Het nadeel van een overeenkomst die wordt afgedwongen is dat de kans op een nieuwe opstand groot is. En dat gebeurt in 1904. Het land is dan grotendeels gekoloniseerd, de Duitsers hebben het overgenomen. De oorspronkelijke bewoners zijn tweederangs burgers geworden, ze hebben vrijwel geen rechten. Voor het minste vergrijp passen de boeren lijfstraffen toe, om niets worden ‘zwarten’ gelyncht. De Herero, naast de Nama het sterkste volk, komen dan in opstand. Hendrik Witbooi, inmiddels een oude man, schaart zich aan hun zijde en weet de Duitsers flinke verliezen toe te brengen. In Berlijn wordt daarop besloten dat de enige oplossing van het probleem ligt in de totale uitroeiing van de opstandige stammen. Wat dan volgt staat bekend als de Namibische genocide, door de Verenigde Naties aangemerkt als de eerste genocide van de twintigste eeuw.

Conny Braam kon zich voor deze historische roman baseren op bronnen. Hendrik Witbooi hield een dagboek bij en kopieerde zijn talloze brieven aan de opeenvolgende gouverneurs, militaire commandanten en de andere stamhoofden nauwgezet in zijn brievenboek. Dat is allemaal bewaard gebleven. Hij tekende zijn uitvoerige, soms breedsprakige brieven meestal met ‘Ik ben Hendrik Witbooi’. Braam verwerkt ze in de tekst, wat je als lezer het gevoel geeft over zijn schouder mee te kijken.
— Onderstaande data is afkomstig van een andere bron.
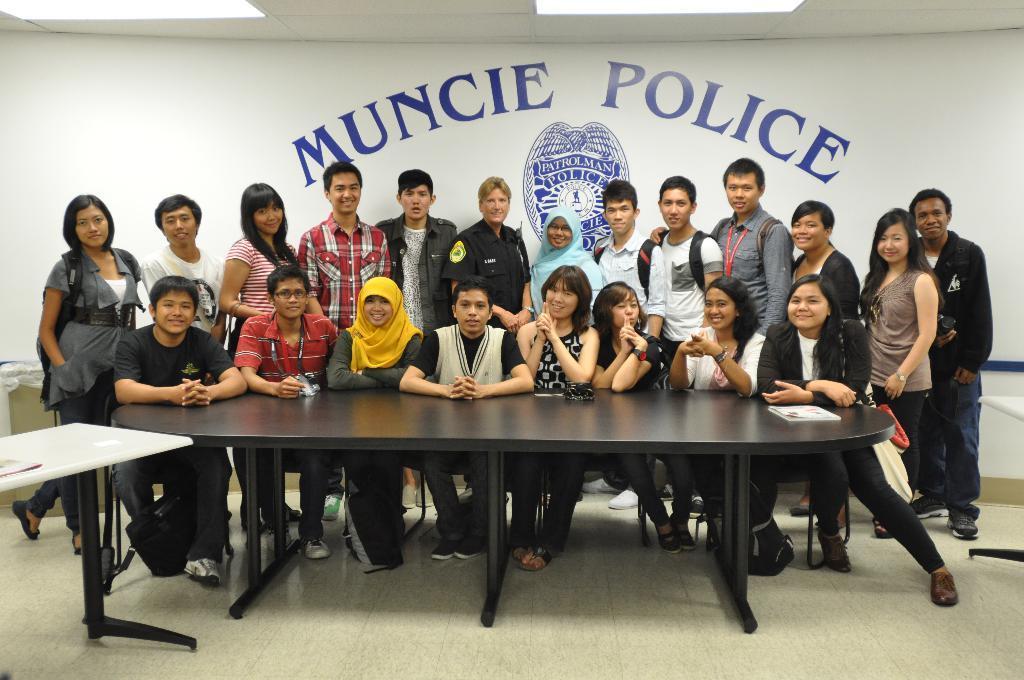How would you summarize this image in a sentence or two? In this picture we can see some people are standing and some people are sitting in front of a table, on the left side we can see another table, in the background there is a wall, we can see some text on the wall.

Braam wisselt behendig tussen Hendrik Witbooi en zo’n tien andere personages om het verhaal te vertellen. Zo krijg je ook mee hoe de opeenvolgende militaire commandanten, de gouverneur, een hoge ambtenaar, de fotograaf die ook de omslagfoto maakte, twee zendelingen en nog wat anderen vanuit hun perspectief de gebeurtenissen beleven. Ook schakelt ze regelmatig naar het hogere niveau van de politiek, naar Cecil Rhodes, de toenmalige gouverneur van Zuidelijk Afrika, naar de Rijkskanselier en de Keizer. Ze maakt ieders beweegredenen inzichtelijk, terwijl je juist daardoor ook begrijpt dat zich een voor dat tijdperk onafwendbaar scenario voltrekt.

Braam sluit haar roman af in 1907. Bij een indrukwekkend verhaal als dit blijf ik dan in een soort spagaat achter: een tevreden lezer, een peinzend mens. Want zo’n vechtend leven, al dat lijden, is dat dan voor niets geweest? Ruim tien jaar later raakt Duitsland, als verliezer van de Eerste Wereldoorlog, al zijn koloniën kwijt. De Duitse keizer, die droomde van een koloniaal wereldrijk, vlucht naar Nederland en bestrijdt de rest van zijn leven zijn frustraties door in Doorn op zijn landgoed bomen om te zagen. En Duits-Zuidwest-Afrika wordt ingelijfd door Zuid-Afrika. Daar geldt dus tot de afschaffing ervan de Zuid-Afrikaanse apartheidspolitiek. De nakomelingen van Hendrik Witbooi blijven nog generaties lang een minderwaardige mensensoort. In 1990 wordt het gebied een onafhankelijk staat: Namibië. Een foto van Hendrik Witbooi, die van de omslag van het boek, prijkt er nu op het biljet van tien dollar.